Como a UCLA respondeu
A universidade já se manifestou contra as acusações federais, dizendo que se opõe ao antissemitismo e defenderá as suas ações na forma como lida com as questões climáticas no campus.
Em Fevereiro, quando o Departamento de Justiça processou a UC por condições anti-semitas no local de trabalho para os funcionários, Mary Osako, vice-reitora da UCLA para comunicações estratégicas, disse que a universidade “mantém-se firme nas acções que tomamos para combater o anti-semitismo em todas as suas formas” e irá “defender vigorosamente” o seu compromisso com um ambiente seguro e inclusivo.
“Como o chanceler (Julio) Frenk deixou claro: o anti-semitismo é abominável e não tem lugar na UCLA em lugar nenhum”, disse Osako na época.
O Departamento de Justiça abriu a ação na manhã do primeiro discurso anual de Frenk sobre o “estado do campus”. O chanceler não mencionou o processo judicial em seu discurso. Mas ele disse que a UCLA estava focada na luta contra o anti-semitismo e “todas as formas de ódio e intolerância”. Frenk disse que a UCLA, durante seu mandato que começou em janeiro, concentrou-se em substituir “boas intenções por ações específicas”.
“Adicionámos um vice-reitor associado para a segurança do campus e da comunidade. Criamos o Gabinete de Direitos Civis. Nomeámos um oficial VI. E reforçámos as nossas políticas para proteger a liberdade de expressão e a segurança de todos os membros da nossa comunidade, e melhorar o processo disciplinar para aqueles que violam leis e políticas”, disse ele.
Processo cita força-tarefa anti-semitismo da UCLA
O processo baseia suas alegações em um relatório de 2024 produzido pela Força-Tarefa anterior sobre Anti-semitismo e Preconceito Anti-Israel da UCLA, que condenou a UCLA no final deste outono por uma “percepção generalizada de preconceito anti-semita e anti-israelense no campus”.
Esse grupo transformou-se na Iniciativa de Combate ao Antissemitismo da UCLA, que divulgou um relatório este mês dizendo que a UCLA fez progressos na melhoria da cultura do campus, incluindo nova formação e reformas no sistema de reclamação dos direitos civis, embora seja necessário mais trabalho.

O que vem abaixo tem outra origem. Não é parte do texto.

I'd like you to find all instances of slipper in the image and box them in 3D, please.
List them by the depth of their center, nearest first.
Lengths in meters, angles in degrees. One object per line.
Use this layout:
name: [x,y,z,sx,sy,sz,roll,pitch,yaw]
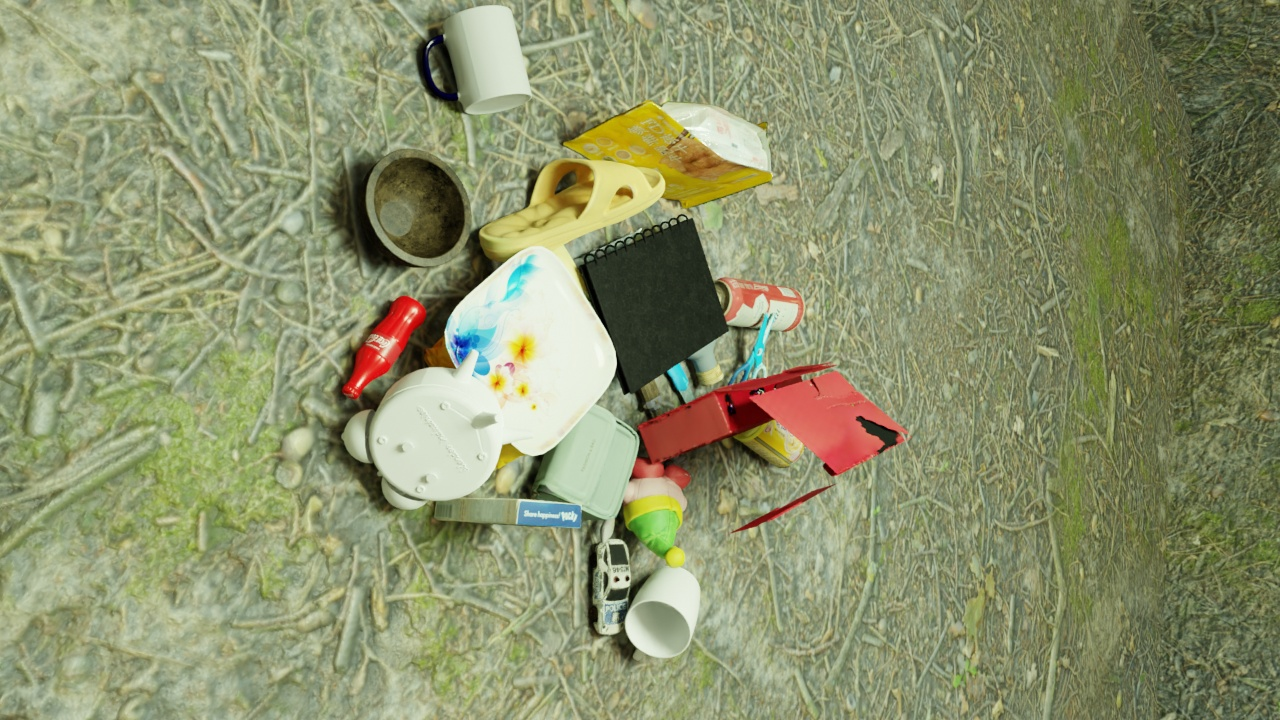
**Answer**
slipper: [-0.082,-0.195,1.075,0.262,0.100,0.078,-34,129,-36]

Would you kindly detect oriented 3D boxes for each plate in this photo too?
plate: [-0.115,-0.011,0.983,0.186,0.016,0.187,-48,116,-36]

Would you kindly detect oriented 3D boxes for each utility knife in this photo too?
utility knife: [0.036,0.002,1.223,0.031,0.015,0.209,-41,108,-36]

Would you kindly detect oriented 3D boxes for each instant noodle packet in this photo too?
instant noodle packet: [0.035,-0.270,1.157,0.221,0.163,0.084,9,79,-43]

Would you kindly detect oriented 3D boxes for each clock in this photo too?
clock: [-0.201,0.077,0.893,0.125,0.161,0.072,58,11,-21]

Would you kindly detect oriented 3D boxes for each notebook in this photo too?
notebook: [0.023,-0.078,1.140,0.230,0.019,0.169,-31,107,-48]

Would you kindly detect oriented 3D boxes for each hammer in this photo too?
hammer: [-0.006,0.006,1.171,0.146,0.028,0.317,-29,105,-30]

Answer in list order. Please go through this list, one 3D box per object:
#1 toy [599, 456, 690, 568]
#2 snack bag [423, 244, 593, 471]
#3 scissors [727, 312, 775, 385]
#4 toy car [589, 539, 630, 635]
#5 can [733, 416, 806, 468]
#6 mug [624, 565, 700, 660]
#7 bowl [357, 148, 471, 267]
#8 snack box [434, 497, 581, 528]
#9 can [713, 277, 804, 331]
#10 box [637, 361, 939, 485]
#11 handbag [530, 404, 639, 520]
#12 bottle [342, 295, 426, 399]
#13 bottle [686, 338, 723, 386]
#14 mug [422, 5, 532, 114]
toy: [0.015,0.185,1.119,0.124,0.097,0.131,25,65,-35]
snack bag: [-0.129,-0.009,1.030,0.246,0.068,0.159,-46,116,-37]
scissors: [0.158,-0.008,1.301,0.090,0.014,0.141,-14,127,-39]
toy car: [-0.033,0.272,1.101,0.048,0.041,0.112,7,80,-42]
can: [0.182,0.103,1.311,0.105,0.068,0.067,36,61,-35]
mug: [0.024,0.315,1.124,0.081,0.114,0.087,31,24,4]
bowl: [-0.242,-0.152,0.950,0.121,0.056,0.121,8,79,-43]
snack box: [-0.138,0.156,0.941,0.081,0.150,0.026,14,75,-41]
can: [0.164,-0.080,1.320,0.170,0.067,0.067,4,81,-44]
box: [0.176,0.061,1.101,0.210,0.316,0.124,-11,101,-52]
handbag: [-0.065,0.121,1.074,0.106,0.067,0.121,36,61,-33]
bottle: [-0.261,-0.012,0.925,0.036,0.036,0.118,46,56,-29]
bottle: [0.068,-0.044,1.238,0.072,0.046,0.161,-34,108,-41]
mug: [-0.186,-0.331,1.023,0.111,0.079,0.097,-15,95,-16]
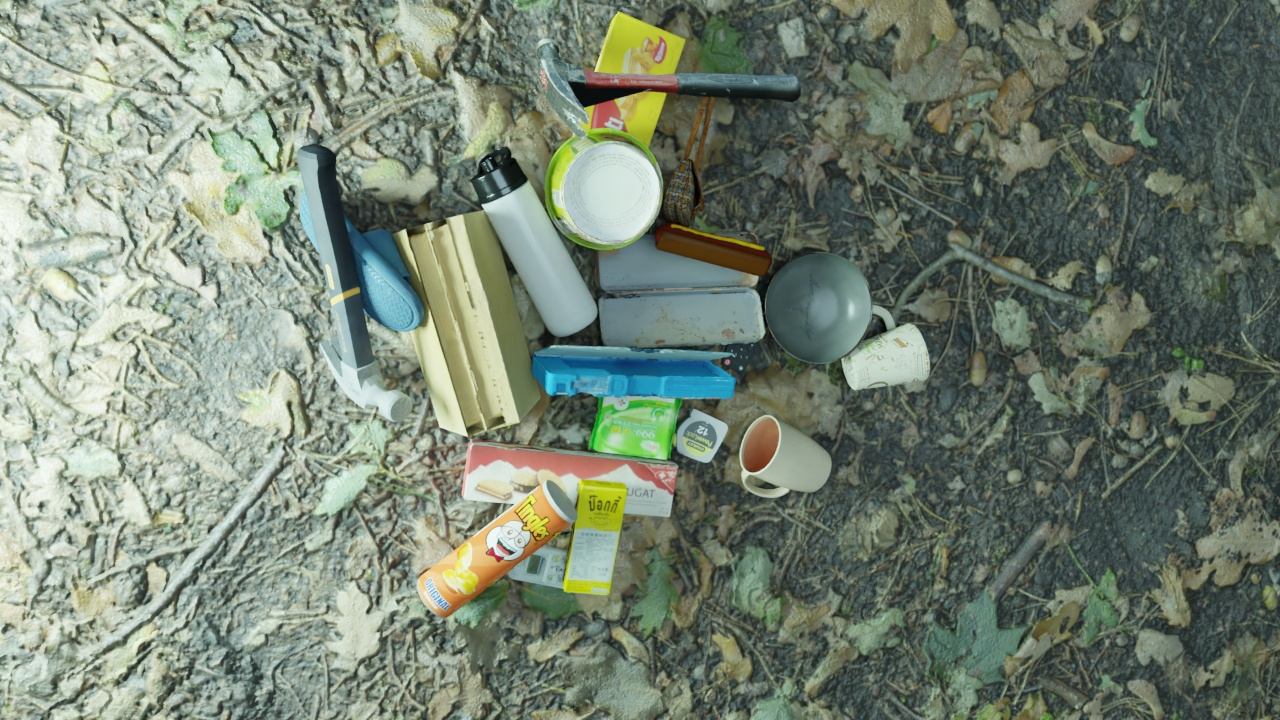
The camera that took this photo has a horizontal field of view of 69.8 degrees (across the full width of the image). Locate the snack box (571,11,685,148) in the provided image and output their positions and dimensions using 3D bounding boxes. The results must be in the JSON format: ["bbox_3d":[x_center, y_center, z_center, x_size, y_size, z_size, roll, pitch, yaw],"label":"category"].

Após os protestos no campus de 2024, a UCLA também nomeou uma força-tarefa sobre racismo anti-palestino, anti-árabe e anti-muçulmano, que constatou “aumento do assédio, da violência e dos ataques” a esses grupos desde 2024 e recomendou reformas na lei que rege o policiamento no campus e protestos que ele disse que a voz do protestante era injusta. A ação judicial do Departamento de Justiça não resolve essas questões.
O novo processo legal aumenta a lista de ações do Departamento de Justiça contra a UC este ano.
Em Janeiro, a administração Trump juntou-se a um processo alegando que a Escola de Medicina David Geffen da UCLA utilizou “práticas racistas” em admissões que favoreciam candidatos negros e latinos em detrimento de brancos e asiático-americanos, em violação da Cláusula de Protecção Igualitária e de uma ordem do Supremo Tribunal de 2023 que proíbe a acção afirmativa com base na raça.
Em fevereiro, o Departamento de Justiça processou a UC dizendo que os administradores da UCLA “frequentemente ignoravam” e “não relatavam” as reclamações dos funcionários sobre o anti-semitismo, citando o que o departamento chamou de um problema “grave e generalizado” no local de trabalho desde o início da guerra Israel-Hamas em 2023.
O Departamento de Justiça também expandiu recentemente a sua supervisão dos direitos civis das escolas médicas públicas para além da UCLA. Em março, a UC San Diego e Stanford abriram uma investigação sobre discriminação racial nas admissões em faculdades de medicina, exigindo sete anos de dados dos candidatos e colocando em risco centenas de milhões de dólares em financiamento federal de pesquisa. Ambas as escolas afirmam que cumprem as leis estaduais e federais contra a discriminação.